● YOUR TASK: Verbatim transcription with images omitted: return the entries below in full.

*** Begin section ***

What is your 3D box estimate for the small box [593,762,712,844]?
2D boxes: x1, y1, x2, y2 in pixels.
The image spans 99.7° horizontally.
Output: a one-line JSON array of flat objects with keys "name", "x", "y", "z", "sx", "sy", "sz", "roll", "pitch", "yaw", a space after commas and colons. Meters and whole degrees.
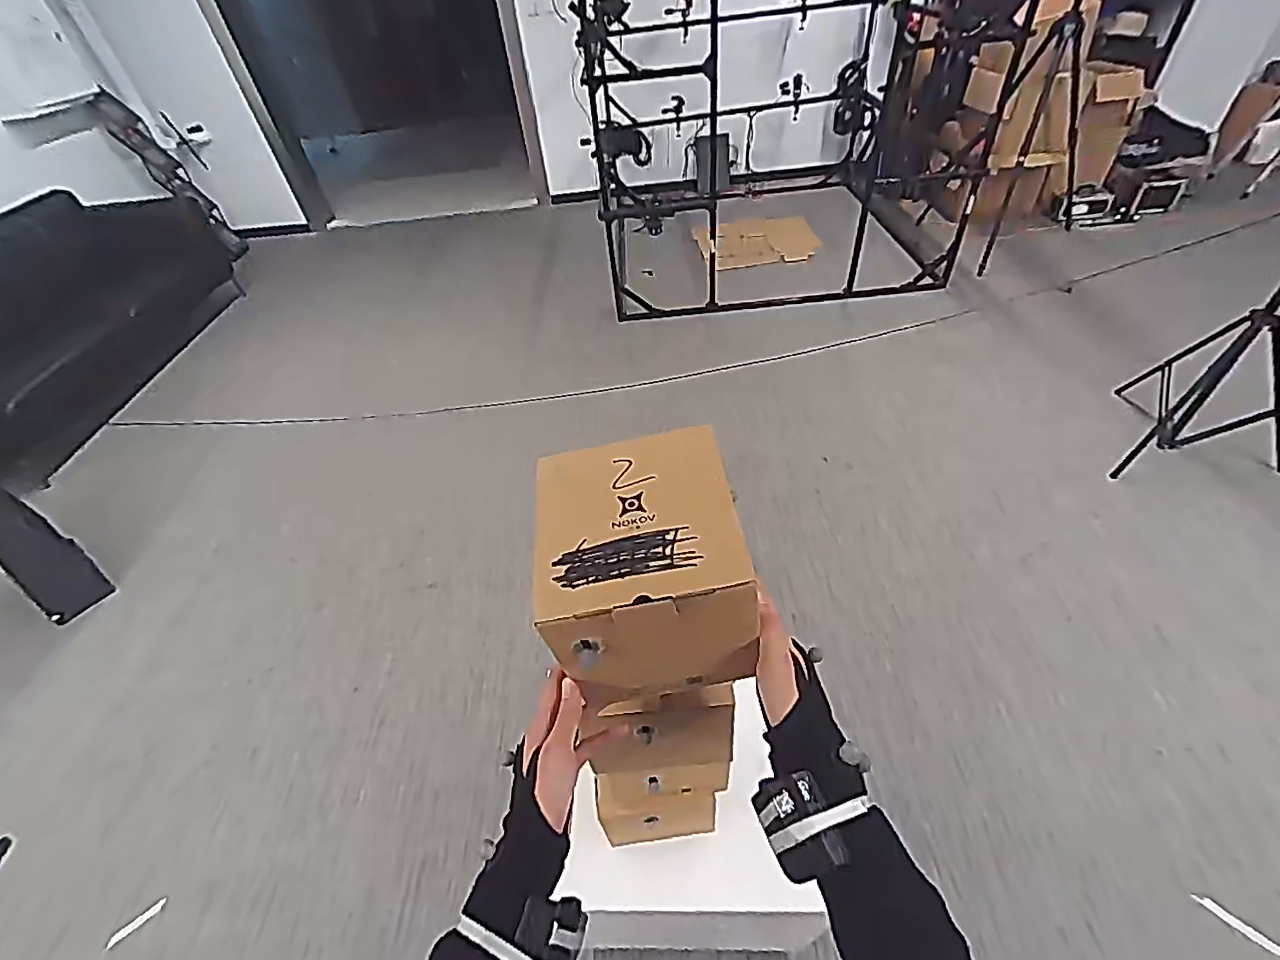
[{"name": "small box", "x": 0.020, "y": 0.481, "z": 0.896, "sx": 0.179, "sy": 0.176, "sz": 0.168, "roll": -7, "pitch": 44, "yaw": -2}]

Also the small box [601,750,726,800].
[{"name": "small box", "x": 0.031, "y": 0.351, "z": 0.795, "sx": 0.168, "sy": 0.176, "sz": 0.179, "roll": -7, "pitch": 43, "yaw": -1}]

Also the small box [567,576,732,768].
[{"name": "small box", "x": 0.015, "y": 0.242, "z": 0.672, "sx": 0.179, "sy": 0.176, "sz": 0.168, "roll": -5, "pitch": 44, "yaw": 1}]

*** End section ***

● TASK SOLUTION:
What is your 3D box estimate for the small box [593,762,712,844]?
2D boxes: x1, y1, x2, y2 in pixels.
The image spans 99.7° horizontally.
Output: a one-line JSON array of flat objects with keys "name", "x", "y", "z", "sx", "sy", "sz", "roll", "pitch", "yaw", a space after commas and colons. Meters and whole degrees.
[{"name": "small box", "x": 0.020, "y": 0.481, "z": 0.896, "sx": 0.179, "sy": 0.176, "sz": 0.168, "roll": -7, "pitch": 44, "yaw": -2}]

Also the small box [601,750,726,800].
[{"name": "small box", "x": 0.031, "y": 0.351, "z": 0.795, "sx": 0.168, "sy": 0.176, "sz": 0.179, "roll": -7, "pitch": 43, "yaw": -1}]

Also the small box [567,576,732,768].
[{"name": "small box", "x": 0.015, "y": 0.242, "z": 0.672, "sx": 0.179, "sy": 0.176, "sz": 0.168, "roll": -5, "pitch": 44, "yaw": 1}]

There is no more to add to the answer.